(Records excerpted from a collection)
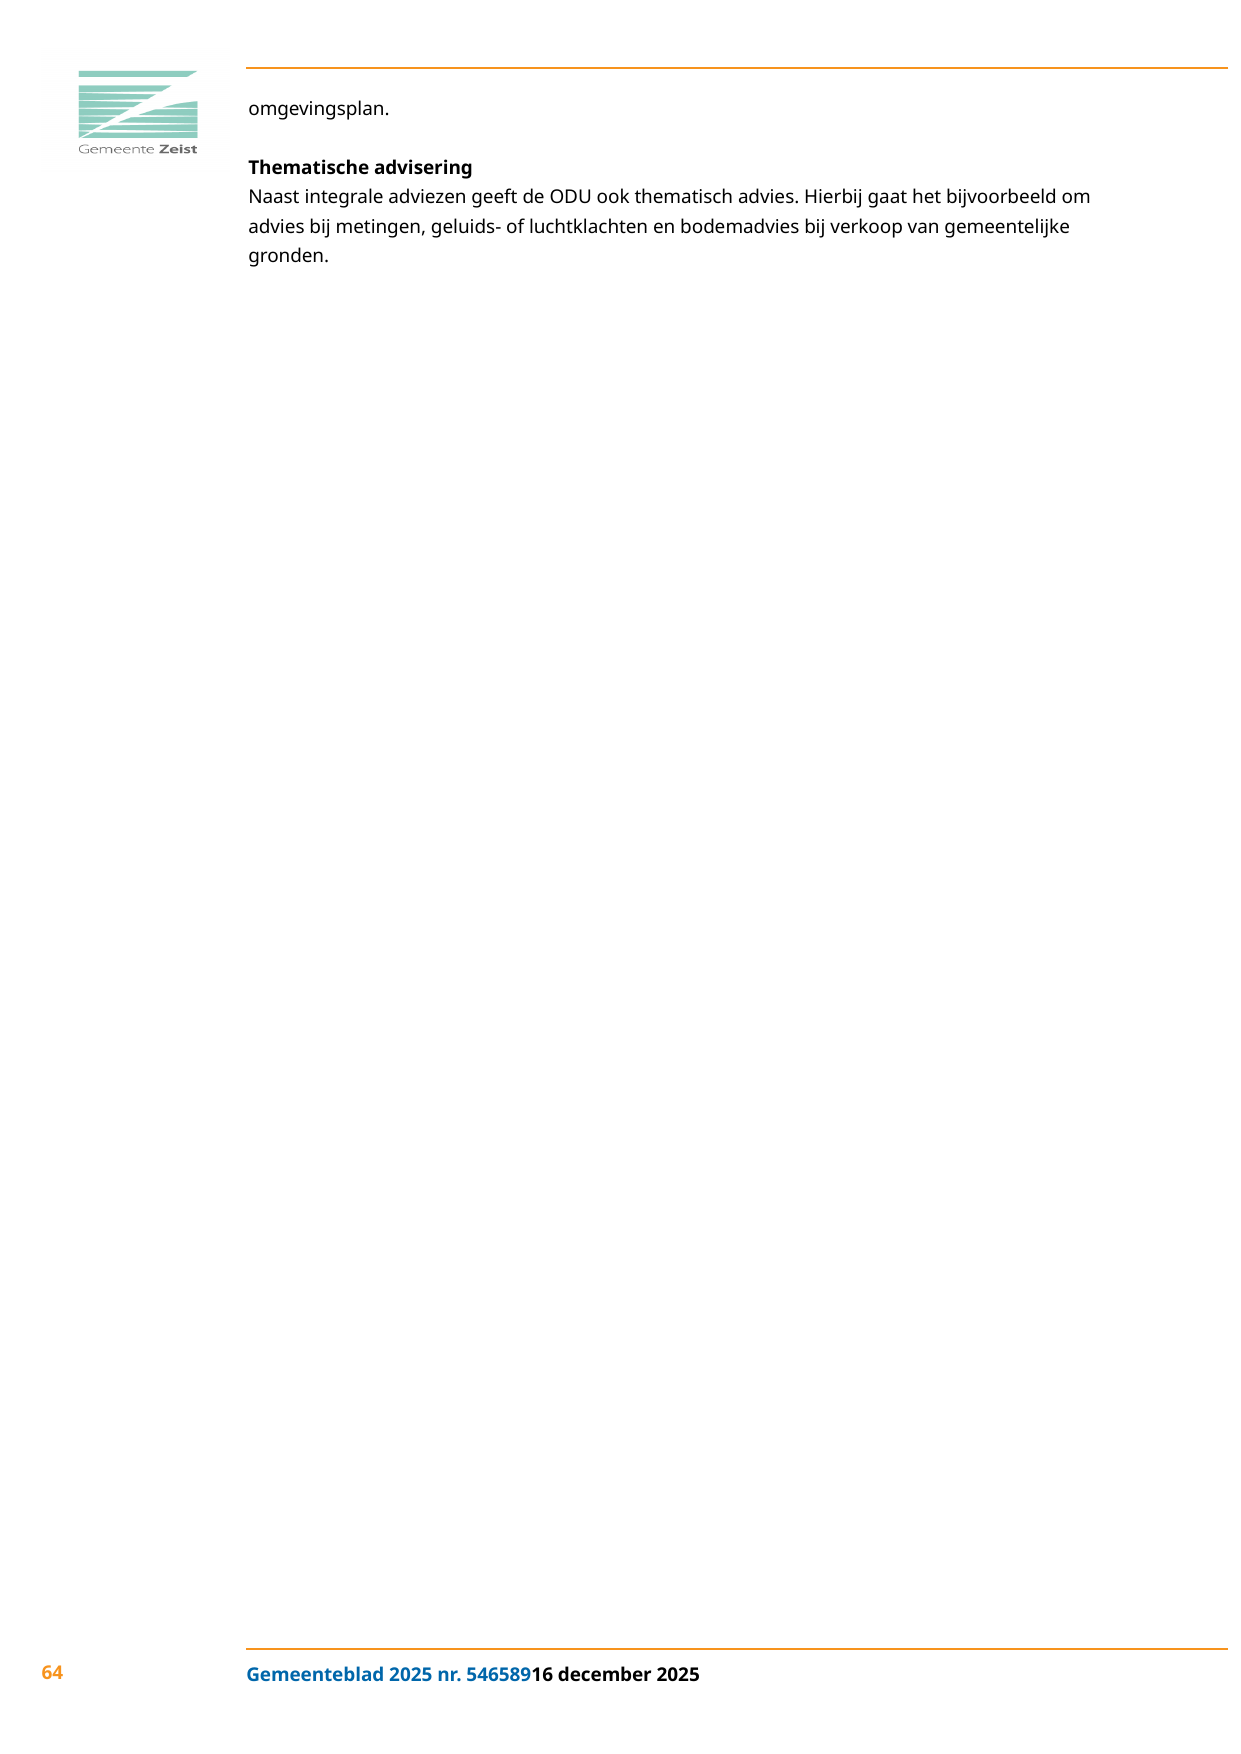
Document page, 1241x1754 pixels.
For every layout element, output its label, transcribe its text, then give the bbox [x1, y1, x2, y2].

text omgevingsplan. [248, 95, 1152, 121]
text Thematische advisering [248, 154, 1152, 180]
picture [41, 47, 231, 172]
text Naast integrale adviezen geeft de ODU ook thematisch advies. Hierbij gaat het bijvoorbeeld om advies bij metingen, geluids- of luchtklachten en bodemadvies bij verkoop van gemeentelijke gronden. [248, 183, 1152, 268]
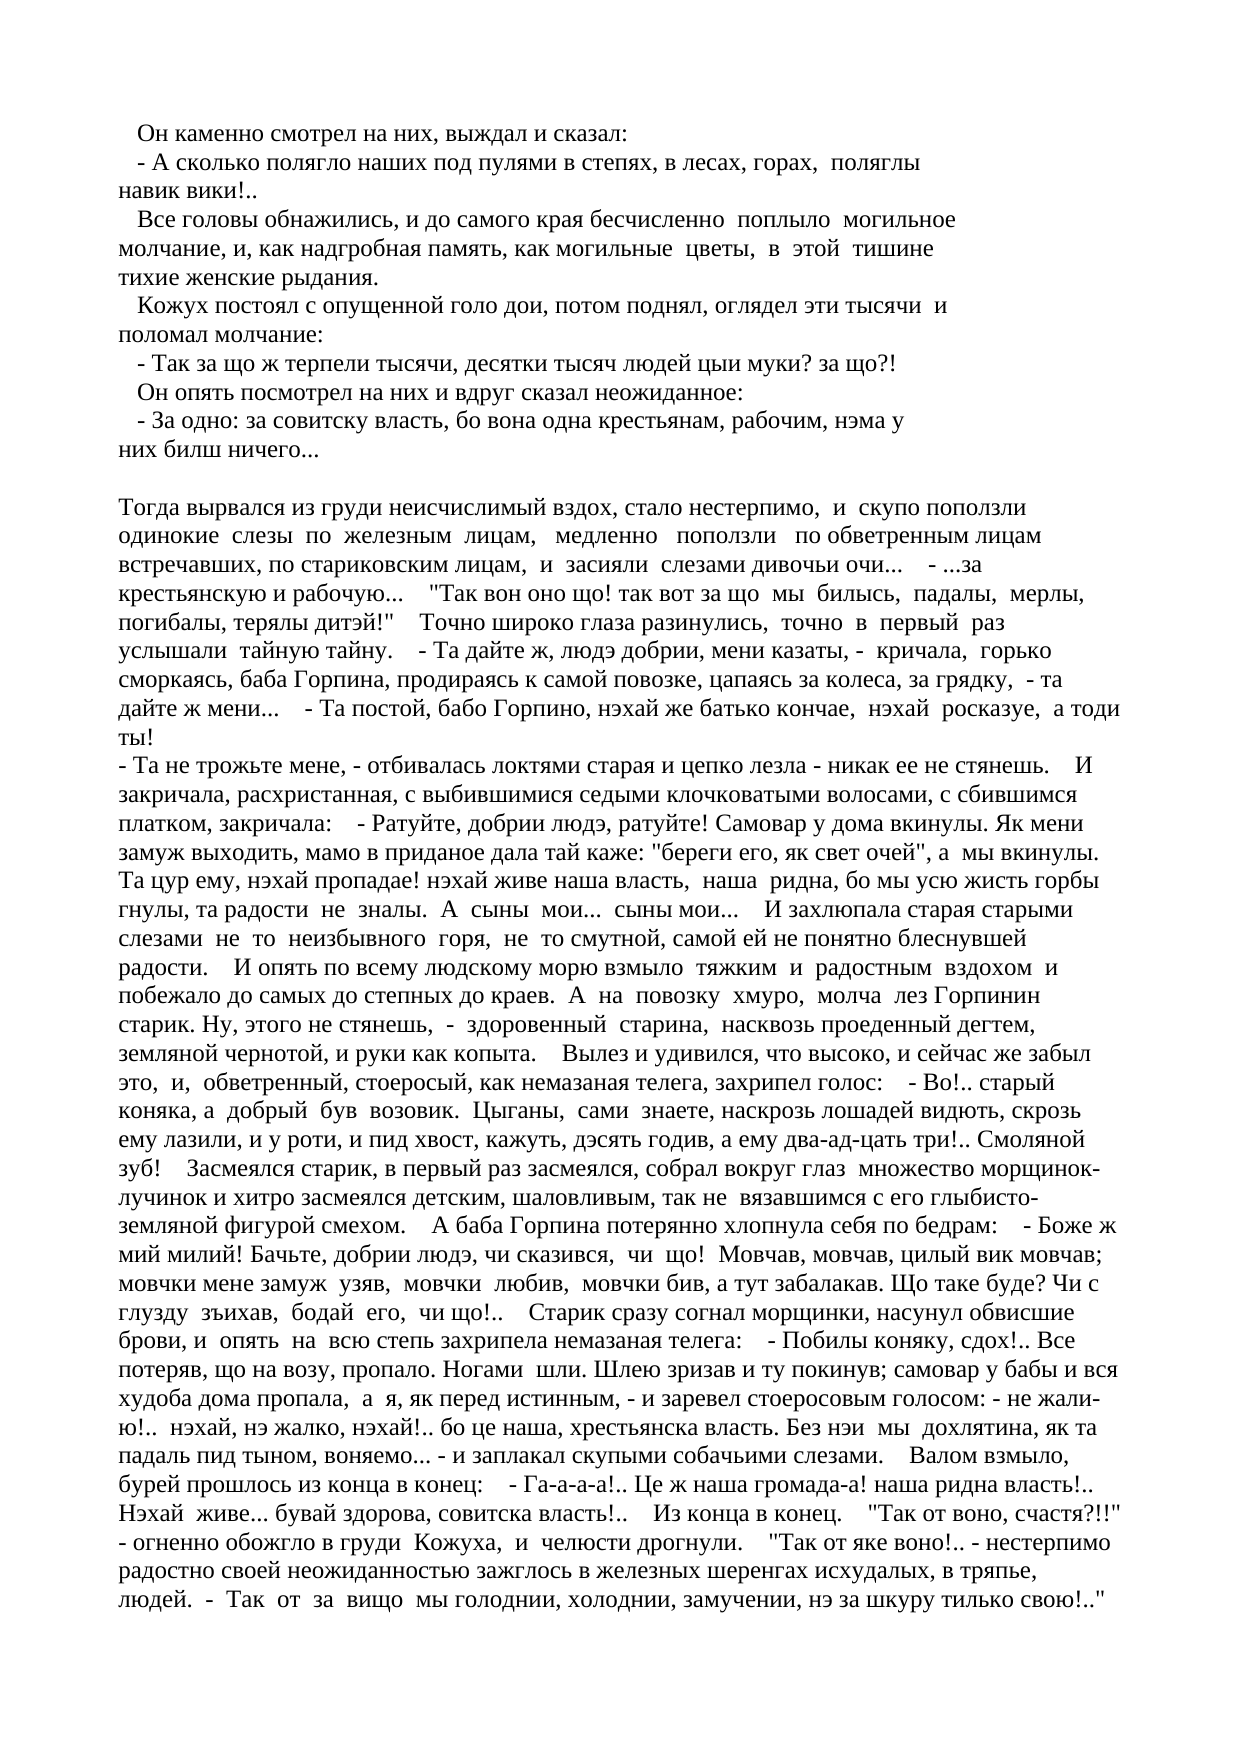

=== Task brief ===
An exact copy of each entry is required, minus the pictures.

=== Solution ===
Document page, 1241x1754 pixels.
For every layout element, output its label, transcribe its text, then give the bbox [x1, y1, x2, y2].

text omgevingsplan. [248, 95, 1152, 121]
text Thematische advisering [248, 154, 1152, 180]
picture [41, 47, 231, 172]
text Naast integrale adviezen geeft de ODU ook thematisch advies. Hierbij gaat het bijvoorbeeld om advies bij metingen, geluids- of luchtklachten en bodemadvies bij verkoop van gemeentelijke gronden. [248, 183, 1152, 268]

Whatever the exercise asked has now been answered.